Records for the exercise:
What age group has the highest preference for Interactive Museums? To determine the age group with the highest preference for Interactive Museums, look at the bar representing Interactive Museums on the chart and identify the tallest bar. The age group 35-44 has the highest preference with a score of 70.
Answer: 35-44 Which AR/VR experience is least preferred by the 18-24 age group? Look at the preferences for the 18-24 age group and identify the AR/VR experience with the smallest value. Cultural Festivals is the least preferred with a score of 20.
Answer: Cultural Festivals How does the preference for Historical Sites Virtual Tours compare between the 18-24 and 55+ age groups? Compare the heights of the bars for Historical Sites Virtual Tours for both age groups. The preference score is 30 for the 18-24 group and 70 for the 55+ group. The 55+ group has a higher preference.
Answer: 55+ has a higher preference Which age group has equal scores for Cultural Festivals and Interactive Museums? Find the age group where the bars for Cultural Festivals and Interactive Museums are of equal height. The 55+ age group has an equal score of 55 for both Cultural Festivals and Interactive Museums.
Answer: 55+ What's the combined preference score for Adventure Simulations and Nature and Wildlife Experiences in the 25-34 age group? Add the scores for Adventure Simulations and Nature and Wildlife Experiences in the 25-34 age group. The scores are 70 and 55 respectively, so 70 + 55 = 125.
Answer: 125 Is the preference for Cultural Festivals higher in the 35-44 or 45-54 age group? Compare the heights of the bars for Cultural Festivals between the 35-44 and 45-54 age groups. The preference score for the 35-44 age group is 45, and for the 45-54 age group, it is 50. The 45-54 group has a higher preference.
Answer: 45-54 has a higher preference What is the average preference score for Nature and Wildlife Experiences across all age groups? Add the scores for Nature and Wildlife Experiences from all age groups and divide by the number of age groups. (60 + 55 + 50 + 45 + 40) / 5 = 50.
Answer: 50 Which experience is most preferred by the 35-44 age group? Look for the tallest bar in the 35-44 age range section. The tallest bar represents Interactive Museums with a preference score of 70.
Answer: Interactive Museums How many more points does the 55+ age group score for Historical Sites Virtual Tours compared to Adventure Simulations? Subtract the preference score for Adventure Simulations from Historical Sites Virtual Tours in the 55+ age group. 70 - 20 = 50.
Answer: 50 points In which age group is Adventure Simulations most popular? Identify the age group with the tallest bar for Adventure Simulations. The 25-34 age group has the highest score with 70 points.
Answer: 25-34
--
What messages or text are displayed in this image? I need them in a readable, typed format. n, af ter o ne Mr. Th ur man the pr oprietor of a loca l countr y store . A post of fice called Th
---
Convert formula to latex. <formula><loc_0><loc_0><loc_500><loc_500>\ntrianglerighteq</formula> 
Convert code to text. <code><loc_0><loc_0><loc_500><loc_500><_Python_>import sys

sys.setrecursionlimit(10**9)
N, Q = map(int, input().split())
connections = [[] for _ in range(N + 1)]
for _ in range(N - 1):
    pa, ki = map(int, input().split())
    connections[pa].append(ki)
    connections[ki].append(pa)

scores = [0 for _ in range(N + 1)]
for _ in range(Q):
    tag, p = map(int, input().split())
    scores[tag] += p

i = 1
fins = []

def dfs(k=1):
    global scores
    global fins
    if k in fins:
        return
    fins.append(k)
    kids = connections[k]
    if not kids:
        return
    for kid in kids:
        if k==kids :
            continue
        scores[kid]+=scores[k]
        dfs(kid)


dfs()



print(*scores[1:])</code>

Exercise goal: If a line in the entries above has the word "kids", copy it.

Solution:
    kids = connections[k]
    if not kids:
    for kid in kids:
        if k==kids :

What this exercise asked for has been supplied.